For all my lack of enthusiasm for the Hayes Society, it is my belief that this particular pronouncement at least was founded on a significant truth. If one looks at these persons we agree are ‘great’ butlers, if one looks at, say, Mr Marshall or Mr Lane, it does seem to me that the factor which distinguishes them from those butlers who are merely extremely competent is most closely captured by this word ‘dignity’.

Of course, this merely begs the further question: of what is ‘dignity’ comprised? And it was on this point that the likes of Mr Graham and I had some of our most interesting debates. Mr Graham would always take the view that this ‘dignity’ was something like a woman’s beauty and it was thus pointless to attempt to analyse it. I, on the other hand, held the opinion that to draw such a parallel tended to demean the ‘dignity’ of the likes of Mr Marshall. Moreover, my main objection to Mr Graham’s analogy was the implication that this ‘dignity’ was something one possessed or did not by a fluke of nature; and if one did not self-evidently have it, to strive after it would be as futile as an ugly woman trying to make herself beautiful. Now while I would accept that the majority of butlers may well discover ultimately that they do not have the capacity for it, I believe strongly that this ‘dignity’ is something one can meaningfully strive for throughout one’s career.
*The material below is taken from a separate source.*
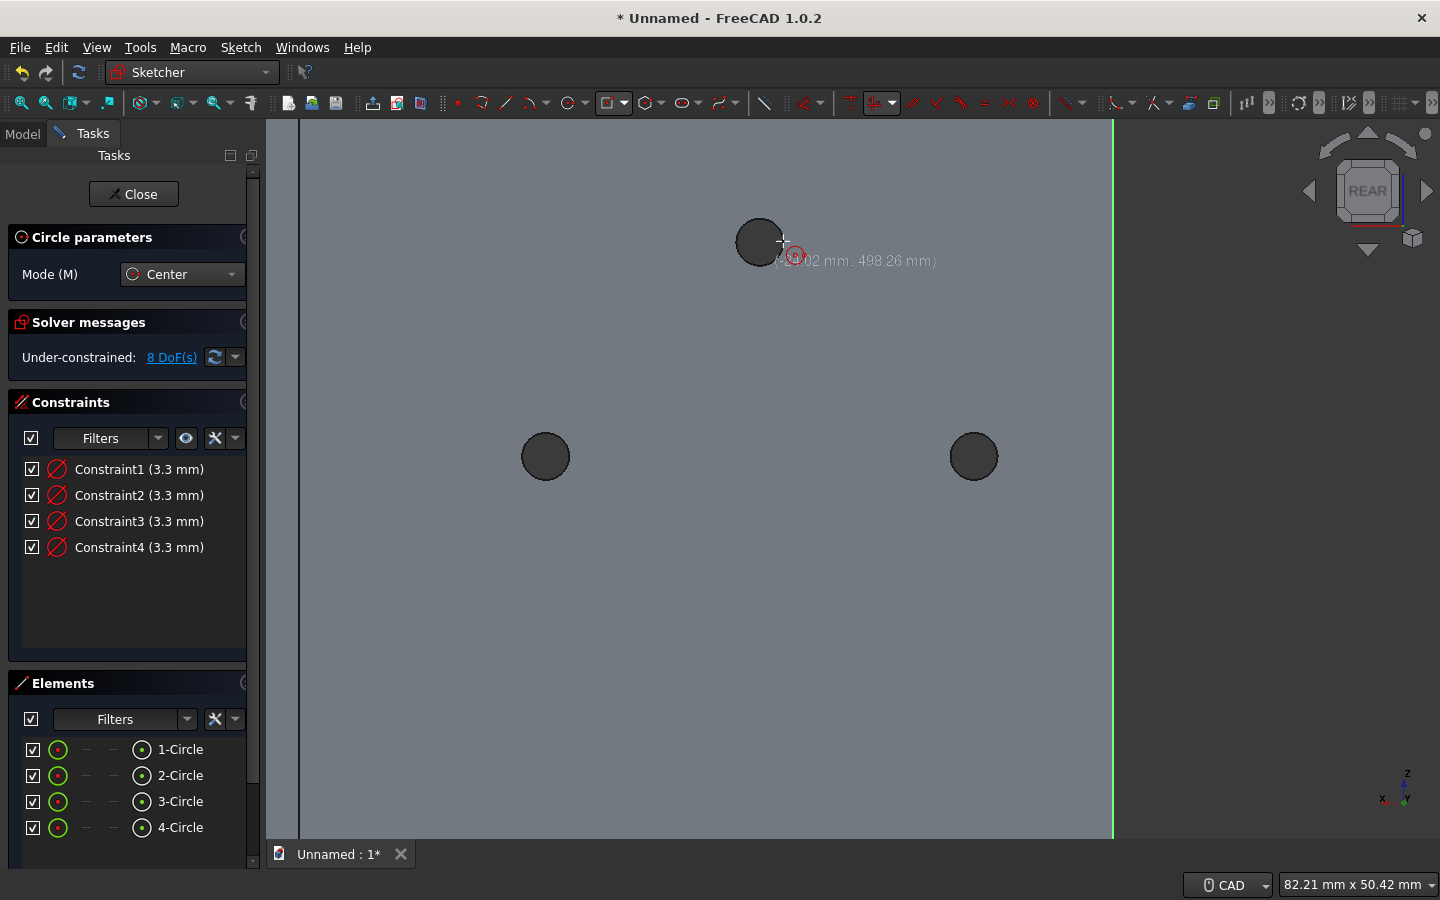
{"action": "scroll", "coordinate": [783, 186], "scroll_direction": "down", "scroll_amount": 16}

Those ‘great’ butlers like Mr Marshall who have it, I am sure, acquired it over many years of self-training and the careful absorbing of experience. In my view, then, it was rather defeatist from a vocational standpoint to adopt a stance like Mr Graham’s.

In any case, for all Mr Graham’s scepticism, I can remember he and I spending many evenings trying to put our fingers on the constitution of this ‘dignity’. We never came to any agreement, but I can say for my part that I developed fairly firm ideas of my own on the matter during the course of such discussions, and they are by and large the beliefs I still hold today. I would like, if I may, to try and say here what I think this ‘dignity’ to be.

You will not dispute, I presume, that Mr Marshall of Charleville House and Mr Lane of Bridewood have been the two great butlers of recent times. Perhaps you might be persuaded that Mr Henderson of Branbury Castle also falls into this rare category. But you may think me merely biased if I say that my own father could in many ways be considered to rank with such men, and that his career is the one I have always scrutinized for a definition of ‘dignity’. Yet it is my firm conviction that at the peak of his career at Loughborough House, my father was indeed the embodiment of ‘dignity’.